Robles, Brenda; Kwak, Hannah; Kuo, Tony.
Afiliação
  • Robles B; Research Group On Statistics, Econometrics, and Health (GRECS), University of Girona, Carrer de la Universitat de Girona 10, Campus de Montilivi, Girona, 17003, Spain. brenda.robles@udg.edu.
  • Kwak H; Centro de Investigación Biomédica en Red de Epidemiología y Salud Pública (CIBERESP), Instituto de Salud Carlos III, Madrid, Spain. brenda.robles@udg.edu.
  • Kuo T; Department of Internal Medicine, David Geffen School of Medicine at University of California, Los Angeles (UCLA), 911 Broxton Ave., Los Angeles, CA, 90024, USA.
Int J Behav Med ; 2024 Feb 22.
Article em En | MEDLINE | ID: mdl-38388741
ABSTRACT

BACKGROUND:

Behavioral health services (BHS) can help improve and treat mental and emotional health problems. Yet, attitudinal and/or structural barriers often prevent individuals from accessing and benefiting from these services. Positive provider-patient interactions in healthcare, encompassing patient comfort with a primary care provider (PCP), which is often enhanced by shared decision-making, may mitigate the stigma associated with seeing a mental health professional; this may improve BHS utilization among patients who need these services. However, few studies have examined how patient comfort with a PCP, often through shared decision-making, may influence patients' BHS utilization in the real world. This study sought to address this gap in practice.

METHOD:

Multivariable regression analyses, using weighted data from an internet panel survey of Los Angeles County adults (n = 749), were carried out to examine the associations between patient comfort with a PCP and three measures of BHS utilization.
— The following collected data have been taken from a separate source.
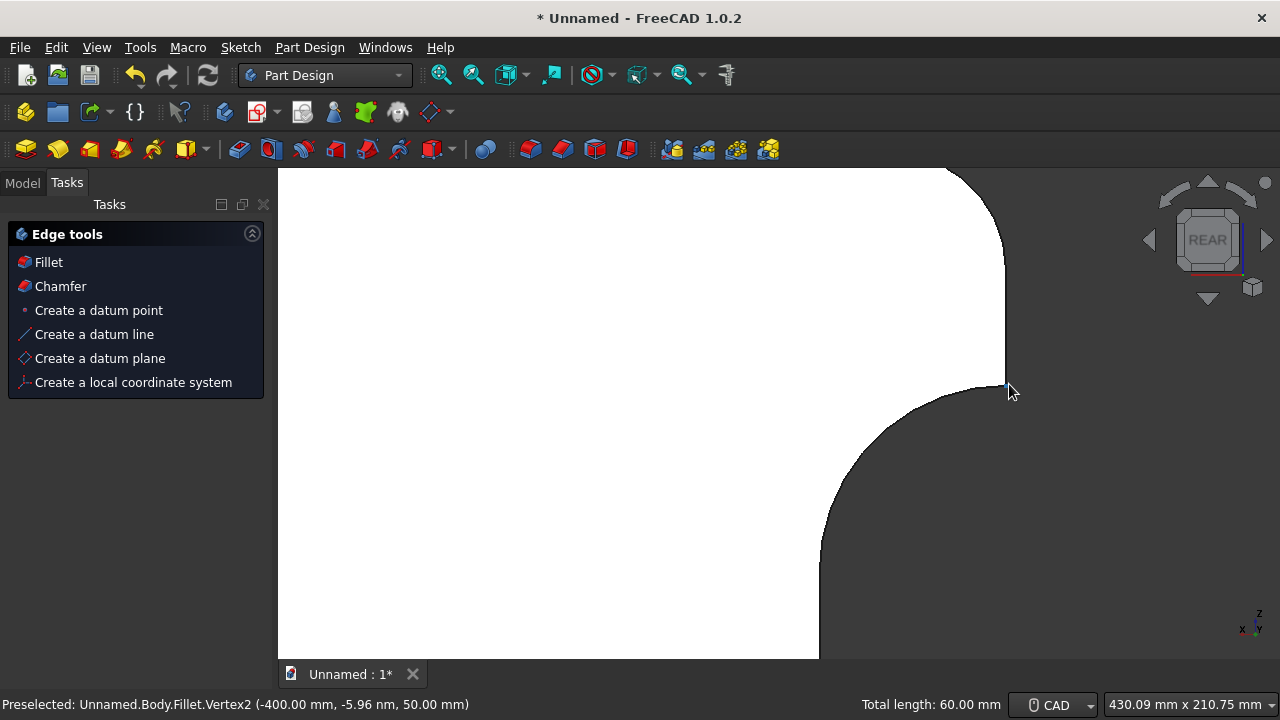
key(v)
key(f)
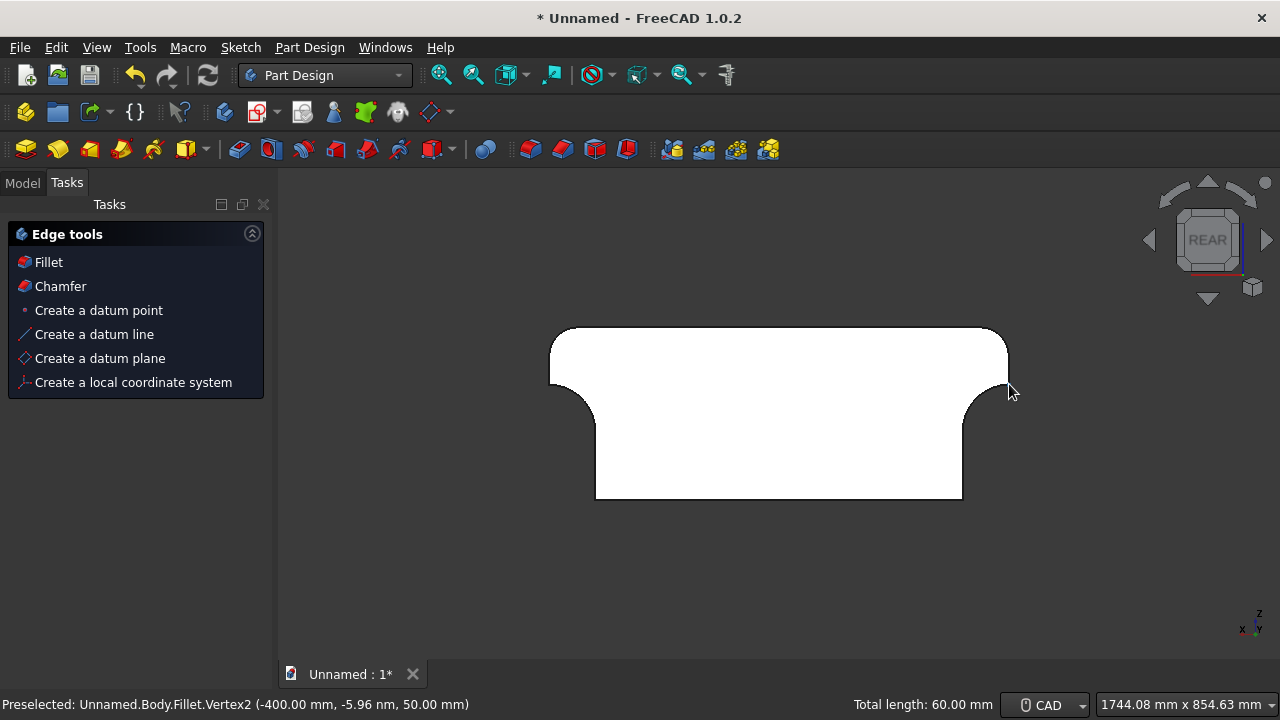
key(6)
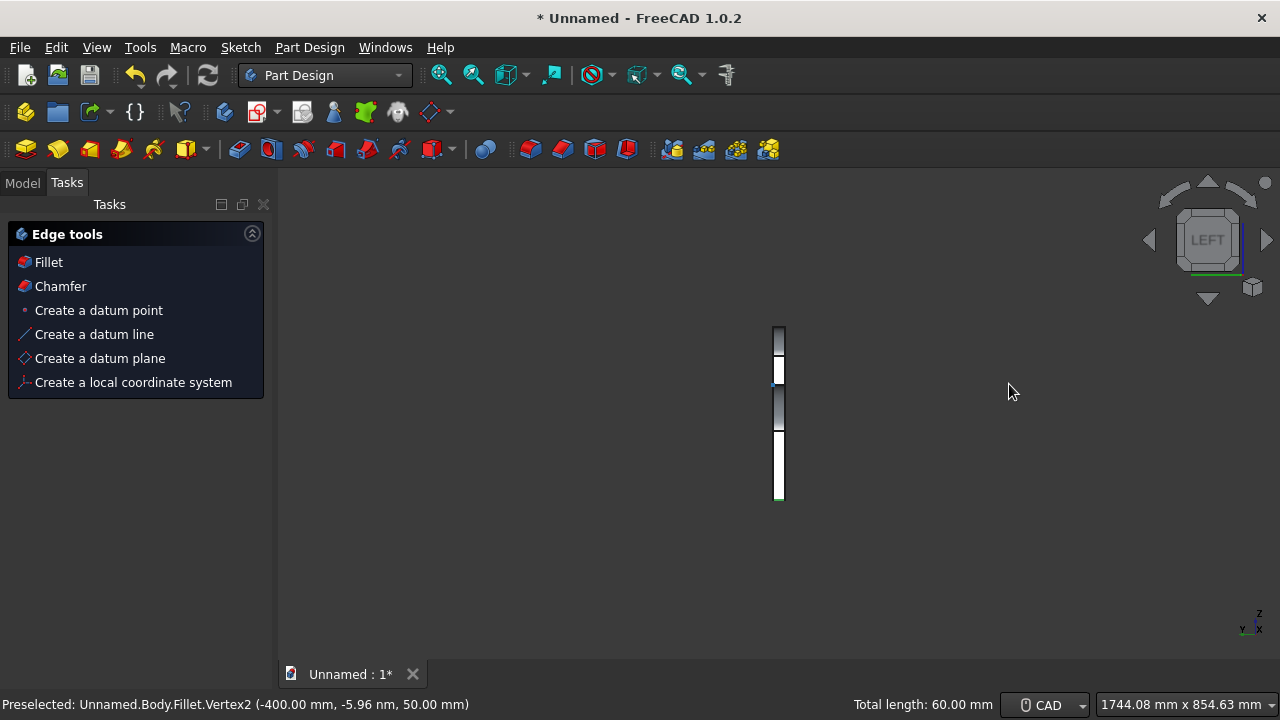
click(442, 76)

Subsequent analyses were conducted to explore the extent to which shared decision-making moderated these associations.

RESULTS:

Participants who reported an intermediate or high comfort level with a provider had higher odds of reporting that they were likely to see (aOR = 2.10 and 3.84, respectively) and get advice (aOR = 2.75 and 4.76, respectively) from a mental health professional compared to participants who reported a low comfort level. Although shared decision-making influenced participants' likelihood of seeing and getting advice from a mental health professional, it was not a statistically significant moderator in these associations.

CONCLUSION:

Building stronger relationships with patients may improve BHS utilization, a provider practice that is likely underutilized.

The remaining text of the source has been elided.